Of the entries below, return exactly those lines that fall between the one containing "Your response must be concise. 3." and the one containing "Your response must be concise. Yes.", the two end lines included.

=== Section Start ===

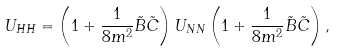<formula> <loc_0><loc_0><loc_500><loc_500>U _ { H H } = \left ( 1 + \frac { 1 } { 8 m ^ { 2 } } \tilde { B } \tilde { C } \right ) U _ { N N } \left ( 1 + \frac { 1 } { 8 m ^ { 2 } } \tilde { B } \tilde { C } \right ) ,</formula> 
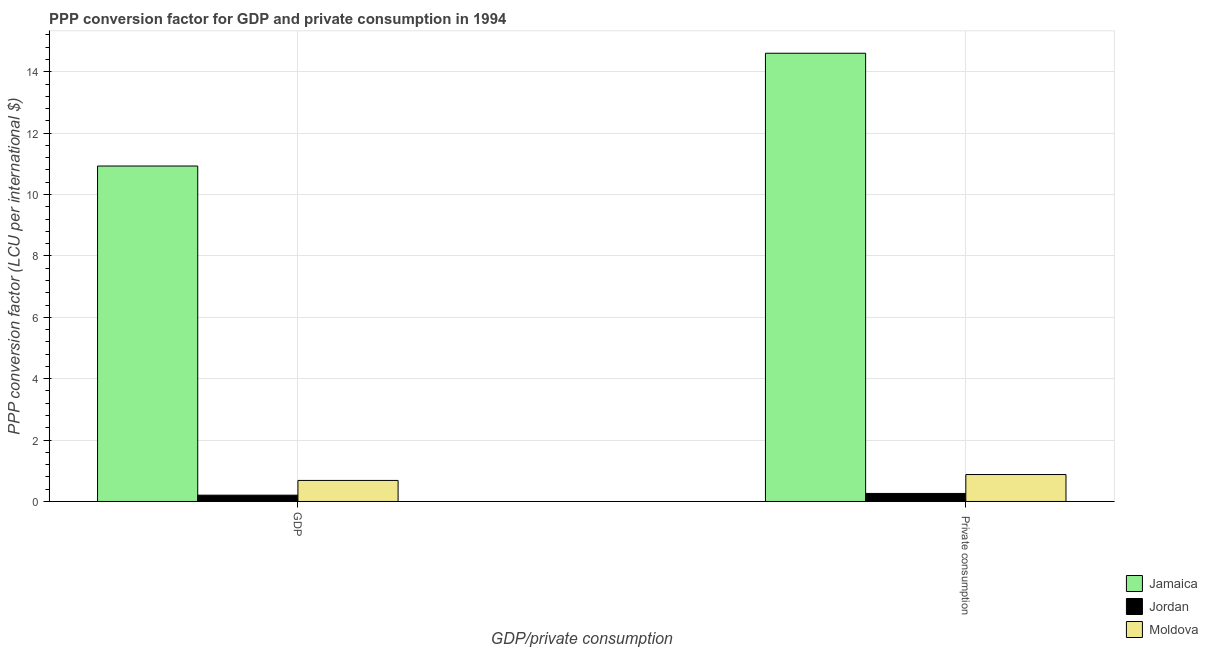How many different coloured bars are there?
Your response must be concise. 3. Are the number of bars per tick equal to the number of legend labels?
Your response must be concise. Yes. What is the label of the 1st group of bars from the left?
Make the answer very short. GDP. What is the ppp conversion factor for private consumption in Jamaica?
Your answer should be compact. 14.6. Across all countries, what is the maximum ppp conversion factor for private consumption?
Your answer should be very brief. 14.6. Across all countries, what is the minimum ppp conversion factor for private consumption?
Ensure brevity in your answer.  0.26. In which country was the ppp conversion factor for gdp maximum?
Offer a terse response. Jamaica. In which country was the ppp conversion factor for private consumption minimum?
Offer a very short reply. Jordan. What is the total ppp conversion factor for private consumption in the graph?
Offer a very short reply. 15.74. What is the difference between the ppp conversion factor for private consumption in Moldova and that in Jordan?
Offer a terse response. 0.62. What is the difference between the ppp conversion factor for private consumption in Moldova and the ppp conversion factor for gdp in Jamaica?
Offer a very short reply. -10.05. What is the average ppp conversion factor for private consumption per country?
Provide a succinct answer. 5.25. What is the difference between the ppp conversion factor for private consumption and ppp conversion factor for gdp in Moldova?
Your response must be concise. 0.19. In how many countries, is the ppp conversion factor for private consumption greater than 6.4 LCU?
Offer a terse response. 1. What is the ratio of the ppp conversion factor for private consumption in Jamaica to that in Moldova?
Offer a terse response. 16.64. Is the ppp conversion factor for gdp in Moldova less than that in Jordan?
Your answer should be compact. No. In how many countries, is the ppp conversion factor for gdp greater than the average ppp conversion factor for gdp taken over all countries?
Ensure brevity in your answer.  1. What does the 3rd bar from the left in  Private consumption represents?
Provide a succinct answer. Moldova. What does the 3rd bar from the right in GDP represents?
Offer a very short reply. Jamaica. Are all the bars in the graph horizontal?
Keep it short and to the point. No. How many countries are there in the graph?
Your answer should be compact. 3. Where does the legend appear in the graph?
Give a very brief answer. Bottom right. How are the legend labels stacked?
Provide a succinct answer. Vertical. What is the title of the graph?
Your response must be concise. PPP conversion factor for GDP and private consumption in 1994. What is the label or title of the X-axis?
Make the answer very short. GDP/private consumption. What is the label or title of the Y-axis?
Give a very brief answer. PPP conversion factor (LCU per international $). What is the PPP conversion factor (LCU per international $) of Jamaica in GDP?
Your answer should be very brief. 10.93. What is the PPP conversion factor (LCU per international $) in Jordan in GDP?
Offer a terse response. 0.21. What is the PPP conversion factor (LCU per international $) in Moldova in GDP?
Give a very brief answer. 0.69. What is the PPP conversion factor (LCU per international $) of Jamaica in  Private consumption?
Provide a short and direct response. 14.6. What is the PPP conversion factor (LCU per international $) in Jordan in  Private consumption?
Your response must be concise. 0.26. What is the PPP conversion factor (LCU per international $) in Moldova in  Private consumption?
Your answer should be compact. 0.88. Across all GDP/private consumption, what is the maximum PPP conversion factor (LCU per international $) in Jamaica?
Offer a very short reply. 14.6. Across all GDP/private consumption, what is the maximum PPP conversion factor (LCU per international $) in Jordan?
Ensure brevity in your answer.  0.26. Across all GDP/private consumption, what is the maximum PPP conversion factor (LCU per international $) in Moldova?
Provide a succinct answer. 0.88. Across all GDP/private consumption, what is the minimum PPP conversion factor (LCU per international $) of Jamaica?
Ensure brevity in your answer.  10.93. Across all GDP/private consumption, what is the minimum PPP conversion factor (LCU per international $) of Jordan?
Ensure brevity in your answer.  0.21. Across all GDP/private consumption, what is the minimum PPP conversion factor (LCU per international $) in Moldova?
Offer a terse response. 0.69. What is the total PPP conversion factor (LCU per international $) of Jamaica in the graph?
Your response must be concise. 25.53. What is the total PPP conversion factor (LCU per international $) in Jordan in the graph?
Ensure brevity in your answer.  0.47. What is the total PPP conversion factor (LCU per international $) in Moldova in the graph?
Provide a short and direct response. 1.56. What is the difference between the PPP conversion factor (LCU per international $) in Jamaica in GDP and that in  Private consumption?
Provide a short and direct response. -3.67. What is the difference between the PPP conversion factor (LCU per international $) of Jordan in GDP and that in  Private consumption?
Keep it short and to the point. -0.06. What is the difference between the PPP conversion factor (LCU per international $) in Moldova in GDP and that in  Private consumption?
Your answer should be very brief. -0.19. What is the difference between the PPP conversion factor (LCU per international $) of Jamaica in GDP and the PPP conversion factor (LCU per international $) of Jordan in  Private consumption?
Ensure brevity in your answer.  10.67. What is the difference between the PPP conversion factor (LCU per international $) of Jamaica in GDP and the PPP conversion factor (LCU per international $) of Moldova in  Private consumption?
Offer a terse response. 10.05. What is the difference between the PPP conversion factor (LCU per international $) of Jordan in GDP and the PPP conversion factor (LCU per international $) of Moldova in  Private consumption?
Your answer should be very brief. -0.67. What is the average PPP conversion factor (LCU per international $) in Jamaica per GDP/private consumption?
Offer a terse response. 12.77. What is the average PPP conversion factor (LCU per international $) in Jordan per GDP/private consumption?
Your response must be concise. 0.23. What is the average PPP conversion factor (LCU per international $) in Moldova per GDP/private consumption?
Make the answer very short. 0.78. What is the difference between the PPP conversion factor (LCU per international $) in Jamaica and PPP conversion factor (LCU per international $) in Jordan in GDP?
Provide a succinct answer. 10.72. What is the difference between the PPP conversion factor (LCU per international $) in Jamaica and PPP conversion factor (LCU per international $) in Moldova in GDP?
Keep it short and to the point. 10.24. What is the difference between the PPP conversion factor (LCU per international $) in Jordan and PPP conversion factor (LCU per international $) in Moldova in GDP?
Provide a succinct answer. -0.48. What is the difference between the PPP conversion factor (LCU per international $) in Jamaica and PPP conversion factor (LCU per international $) in Jordan in  Private consumption?
Give a very brief answer. 14.34. What is the difference between the PPP conversion factor (LCU per international $) in Jamaica and PPP conversion factor (LCU per international $) in Moldova in  Private consumption?
Ensure brevity in your answer.  13.73. What is the difference between the PPP conversion factor (LCU per international $) in Jordan and PPP conversion factor (LCU per international $) in Moldova in  Private consumption?
Offer a terse response. -0.62. What is the ratio of the PPP conversion factor (LCU per international $) of Jamaica in GDP to that in  Private consumption?
Your response must be concise. 0.75. What is the ratio of the PPP conversion factor (LCU per international $) of Jordan in GDP to that in  Private consumption?
Give a very brief answer. 0.79. What is the ratio of the PPP conversion factor (LCU per international $) in Moldova in GDP to that in  Private consumption?
Offer a very short reply. 0.78. What is the difference between the highest and the second highest PPP conversion factor (LCU per international $) in Jamaica?
Give a very brief answer. 3.67. What is the difference between the highest and the second highest PPP conversion factor (LCU per international $) in Jordan?
Keep it short and to the point. 0.06. What is the difference between the highest and the second highest PPP conversion factor (LCU per international $) of Moldova?
Provide a short and direct response. 0.19. What is the difference between the highest and the lowest PPP conversion factor (LCU per international $) of Jamaica?
Your answer should be very brief. 3.67. What is the difference between the highest and the lowest PPP conversion factor (LCU per international $) of Jordan?
Offer a very short reply. 0.06. What is the difference between the highest and the lowest PPP conversion factor (LCU per international $) in Moldova?
Offer a very short reply. 0.19. 
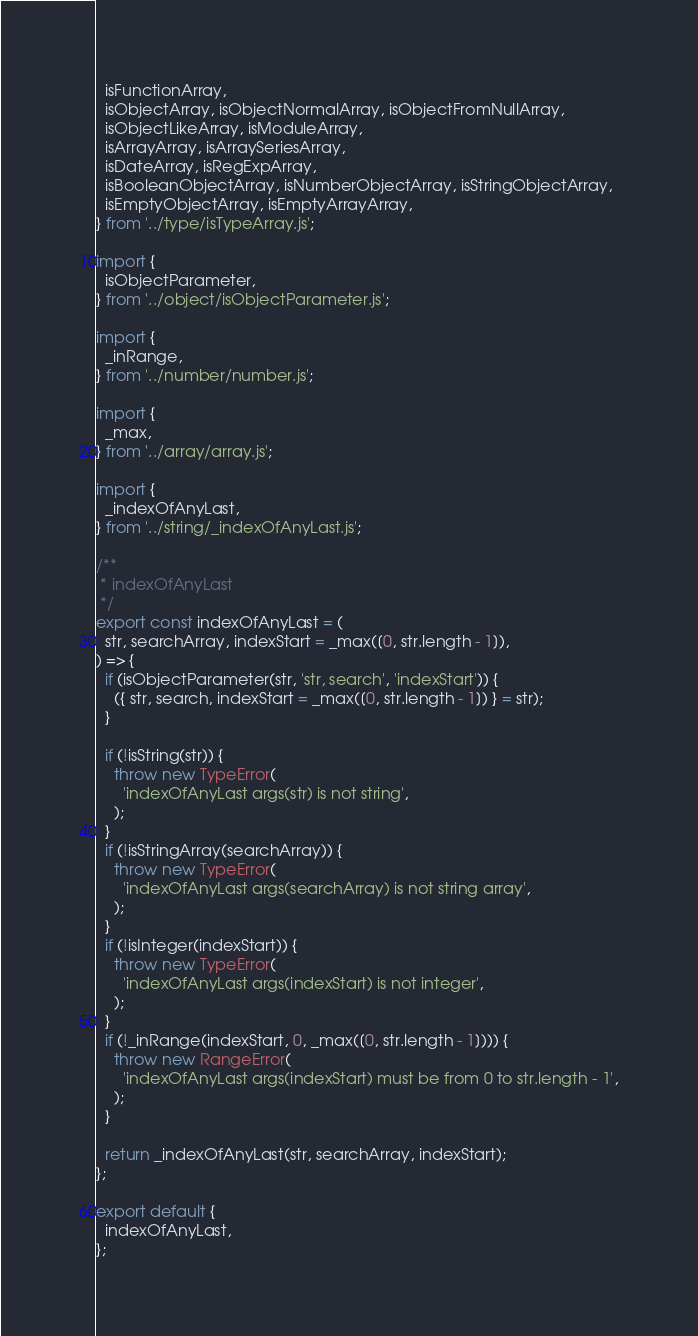Convert code to text. <code><loc_0><loc_0><loc_500><loc_500><_JavaScript_>  isFunctionArray,
  isObjectArray, isObjectNormalArray, isObjectFromNullArray,
  isObjectLikeArray, isModuleArray,
  isArrayArray, isArraySeriesArray,
  isDateArray, isRegExpArray,
  isBooleanObjectArray, isNumberObjectArray, isStringObjectArray,
  isEmptyObjectArray, isEmptyArrayArray,
} from '../type/isTypeArray.js';

import {
  isObjectParameter,
} from '../object/isObjectParameter.js';

import {
  _inRange,
} from '../number/number.js';

import {
  _max,
} from '../array/array.js';

import {
  _indexOfAnyLast,
} from '../string/_indexOfAnyLast.js';

/**
 * indexOfAnyLast
 */
export const indexOfAnyLast = (
  str, searchArray, indexStart = _max([0, str.length - 1]),
) => {
  if (isObjectParameter(str, 'str, search', 'indexStart')) {
    ({ str, search, indexStart = _max([0, str.length - 1]) } = str);
  }

  if (!isString(str)) {
    throw new TypeError(
      'indexOfAnyLast args(str) is not string',
    );
  }
  if (!isStringArray(searchArray)) {
    throw new TypeError(
      'indexOfAnyLast args(searchArray) is not string array',
    );
  }
  if (!isInteger(indexStart)) {
    throw new TypeError(
      'indexOfAnyLast args(indexStart) is not integer',
    );
  }
  if (!_inRange(indexStart, 0, _max([0, str.length - 1]))) {
    throw new RangeError(
      'indexOfAnyLast args(indexStart) must be from 0 to str.length - 1',
    );
  }

  return _indexOfAnyLast(str, searchArray, indexStart);
};

export default {
  indexOfAnyLast,
};
</code>

=== Section End ===

Result of this exercise –
Your response must be concise. 3. Are the number of bars per tick equal to the number of legend labels?
Your response must be concise. Yes. What is the label of the 1st group of bars from the left?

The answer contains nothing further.